Читать «Александр Грибоедов. Его жизнь и литературная деятельность» онлайн - страница 30

А. М. Скабичевский

Далее критик высказывает предположение, что «Горе от ума» взято из «Абдеритян» Виланда, но только Чацкому далеко до Демокрита этой комедии. О языке же «Горя от ума» он отзывается стихом из самой комедии. Он говорит, что в ней «господствует смешенье языков французского с нижегородским».

На критику Дмитриева ополчился в «Сыне отечества» – в защиту «Горя от ума» – О. Сомов. Против Сомова в защиту Дмитриева выступил в № 10 «Вестника Европы» некий Пиллад Белугин, который не ограничился уже одними отрывками комедии, напечатанными в «Русской Талии», а разбирает ее всю, в целом, и находит, что «ни одна сцена не истекает из предыдущей и не связывается с последующей. Перемените порядок явлений, переставьте нумера их, выбросьте любое, вставьте что хотите, и комедия не переменится. Во всей пьесе нет необходимости, стало – нет завязки, а потому не может быть и действия».

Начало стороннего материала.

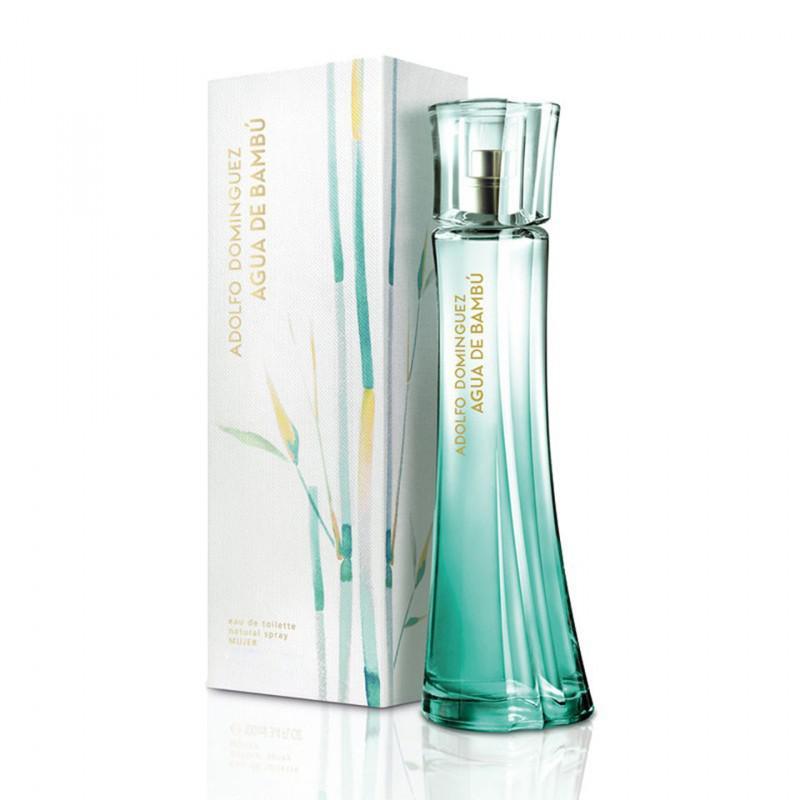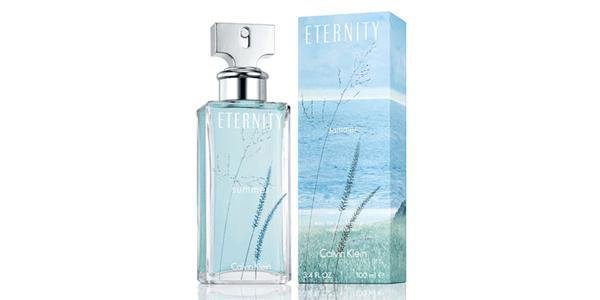The first image is the image on the left, the second image is the image on the right. Assess this claim about the two images: "There are at most two bottles of perfume.". Correct or not? Answer yes or no. Yes. 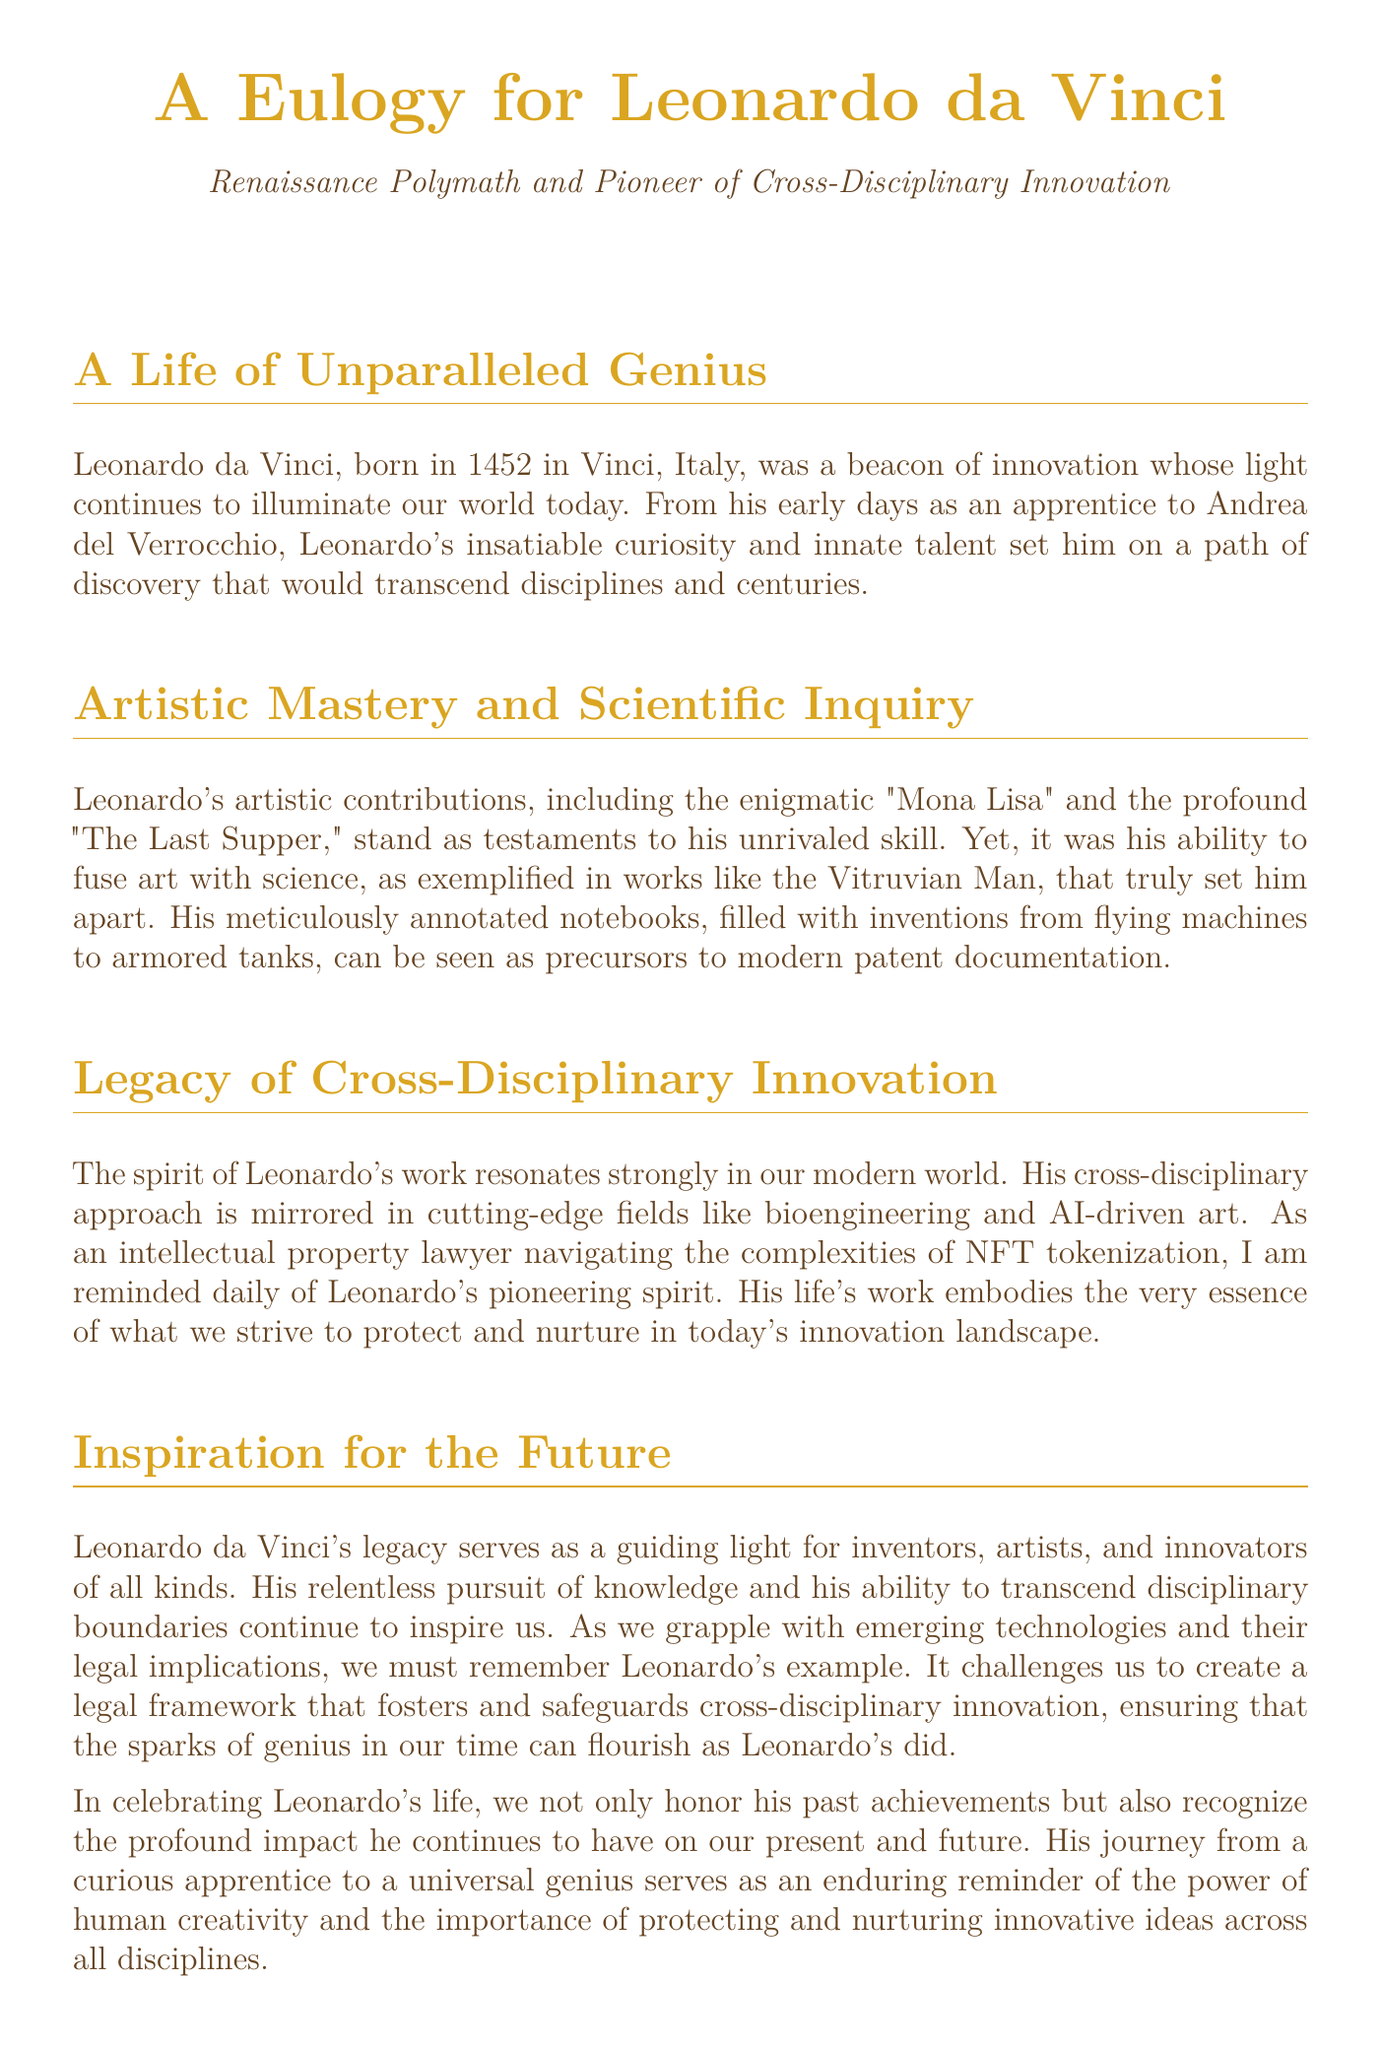What year was Leonardo da Vinci born? The document states that Leonardo da Vinci was born in 1452.
Answer: 1452 What notable painting is mentioned in the eulogy? The eulogy highlights Leonardo's painting "Mona Lisa" as a testament to his artistic skill.
Answer: Mona Lisa What innovative concept does Leonardo's work in notebooks resemble? The text describes Leonardo's notebooks as precursors to modern patent documentation.
Answer: patent documentation Which two cutting-edge fields reflect Leonardo's cross-disciplinary approach? The eulogy mentions bioengineering and AI-driven art as fields mirroring Leonardo's innovative spirit.
Answer: bioengineering and AI-driven art What does Leonardo's legacy inspire inventors and innovators to pursue? The document suggests that Leonardo's legacy inspires a relentless pursuit of knowledge across disciplines.
Answer: knowledge How is Leonardo's approach to innovation relevant to NFT tokenization? The eulogy connects Leonardo's pioneering spirit with the legal framework needed for NFT tokenization.
Answer: pioneering spirit What artistic work exemplifies the combination of art and science? The text cites the "Vitruvian Man" as a prime example of Leonardo's fusion of art and science.
Answer: Vitruvian Man What role does the eulogy suggest for legal frameworks today? The document implies that we must create legal frameworks that foster cross-disciplinary innovation.
Answer: foster cross-disciplinary innovation

О своем противнике же (О. Сомове) критик «Вестника Европы» замечает, что «не любовь к истине водила пером его, а досада на смелость рецензента, восставшего против автора одного с ним прихода».

Что касается самого Грибоедова, то он не только не принимал никакого участия во всей этой бранчливой полемике, но и друзей своих удерживал от участия в ней. Его более занимали и задевали за живое отзывы людей, которых он привык уважать с первых лет своего вступления на литературное поприще. Так, чрезвычайно интересно письмо его к П.А. Катенину, января 1825 года, в котором он возражает против замечаний Катенина на его комедию. Считаем нужным привести это письмо целиком, так как оно содержит взгляд на «Горе от ума» самого автора.

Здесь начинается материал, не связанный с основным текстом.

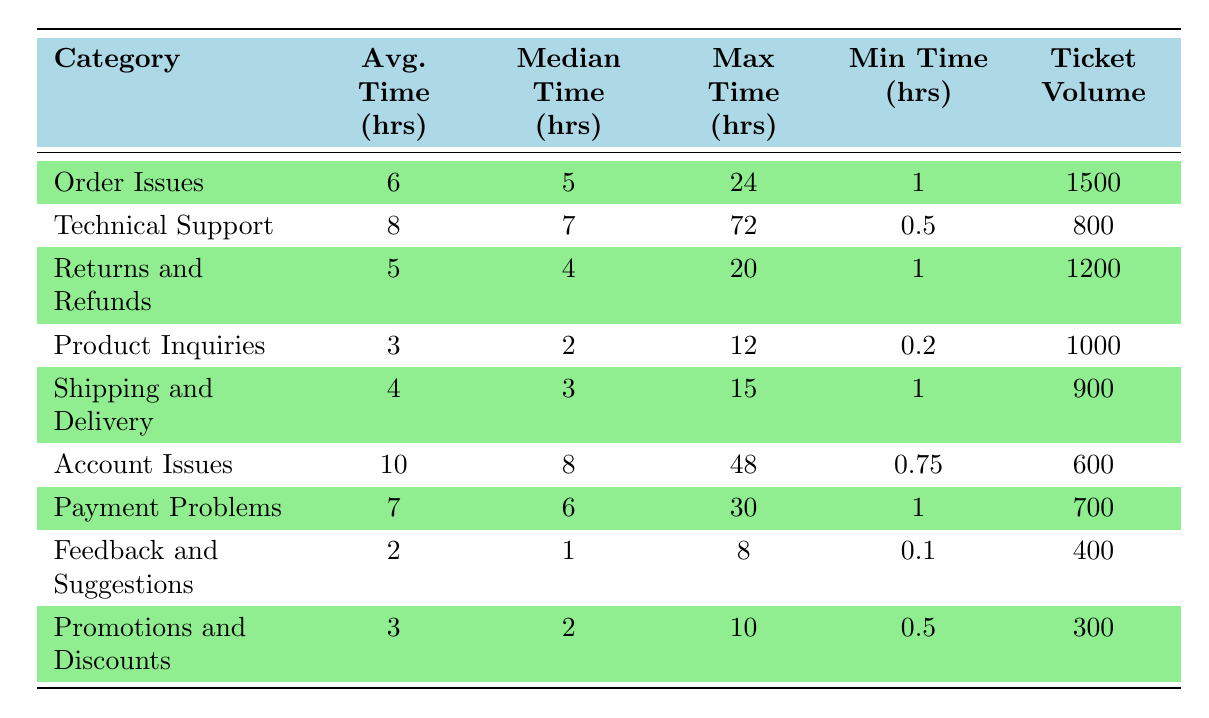What is the category with the shortest average resolution time? The average resolution times of the categories are listed in the table. "Feedback and Suggestions" has the shortest average resolution time of 2 hours.
Answer: Feedback and Suggestions Which category has the highest ticket volume? Looking at the "Ticket Volume" column, "Order Issues" has the highest volume at 1500 tickets.
Answer: Order Issues What is the median resolution time for Technical Support tickets? The table specifies that the median resolution time for "Technical Support" is 7 hours.
Answer: 7 hours Is the maximum resolution time for Returns and Refunds greater than for Product Inquiries? The maximum resolution time for "Returns and Refunds" is 20 hours, while for "Product Inquiries" it is 12 hours. Since 20 is greater than 12, this statement is true.
Answer: Yes Calculate the difference in average resolution time between Account Issues and Shipping and Delivery. The average for "Account Issues" is 10 hours, and for "Shipping and Delivery" it is 4 hours. The difference is 10 - 4 = 6 hours.
Answer: 6 hours What is the average resolution time for all categories combined? To find the overall average, sum all average times (6 + 8 + 5 + 3 + 4 + 10 + 7 + 2 + 3 = 48) and divide by the number of categories (9). 48 / 9 = 5.33 hours.
Answer: 5.33 hours Which category has the longest maximum resolution time? The "Technical Support" category has the longest maximum resolution time, which is 72 hours, compared to the others.
Answer: Technical Support Is the minimum resolution time for Payment Problems higher than the minimum for Returns and Refunds? The minimum for "Payment Problems" is 1 hour, while for "Returns and Refunds," it is also 1 hour. Since they are equal, the statement is false.
Answer: No What is the average resolution time for categories with a ticket volume greater than 1000? The categories with volumes greater than 1000 are "Order Issues," "Returns and Refunds," and "Product Inquiries." Their average times are 6, 5, and 3 hours respectively. The average is (6 + 5 + 3) / 3 = 14 / 3 = 4.67 hours.
Answer: 4.67 hours What percentage of the total tickets comes from the category with the highest ticket volume? The total ticket volume is 1500 + 800 + 1200 + 1000 + 900 + 600 + 700 + 400 + 300 = 6100. The highest volume is "Order Issues" with 1500 tickets. (1500 / 6100) * 100 = 24.59%.
Answer: 24.59%

«Критика твоя, хотя жестокая и вовсе не справедливая, принесла мне истинное удовольствие тоном чистосердечия, которого я напрасно буду требовать от других людей; не уважая искренности их, негодуя на притворство, чорт ли мне в их мнении? Ты находишь главную погрешность в плане, – мне кажется, что он прост и ясен по цели и исполнению; девушка, сама не глупая, предпочитает дурака умному человеку (не потому, чтобы ум у нас, грешных, был обыкновенен, нет! и в моей комедии 25 глупцов на одного здравомыслящего человека); и этот человек, разумеется, в противоречии с обществом, его окружающим, его никто не понимает, никто простить не хочет за то, (что) он немножко повыше прочих; сначала он весел, и это порок: «Шутить и век шутить, как вас на это стянет!» Слегка перебирает странности прежних знакомых, что же делать, коли нет в них благороднейшей доли той черты! Его насмешки не язвительны, покуда его не взбесить, но все-таки: «Не человек – змея!» А после, когда вмешивается личность, «наших затронули», предается анафеме: «Умереть рад, кольнуть, завистлив! горд и зол!» Не терпит подлости: «Ах! Боже мой, он карбонарий!» Кто-то со злости выдумал о нем, что он сумасшедший, никто не поверил, и все повторяют. Голос общего недоброхотства и до него доходит, притом и нелюбовь к нему той девушки, для которой, собственно, он явился в Москву, ему совершенно объясняется, он ей и всем наплевал в глаза и был таков. Ферзь тоже разочарована на счет своего сахара медовича. Что же может быть полнее этого?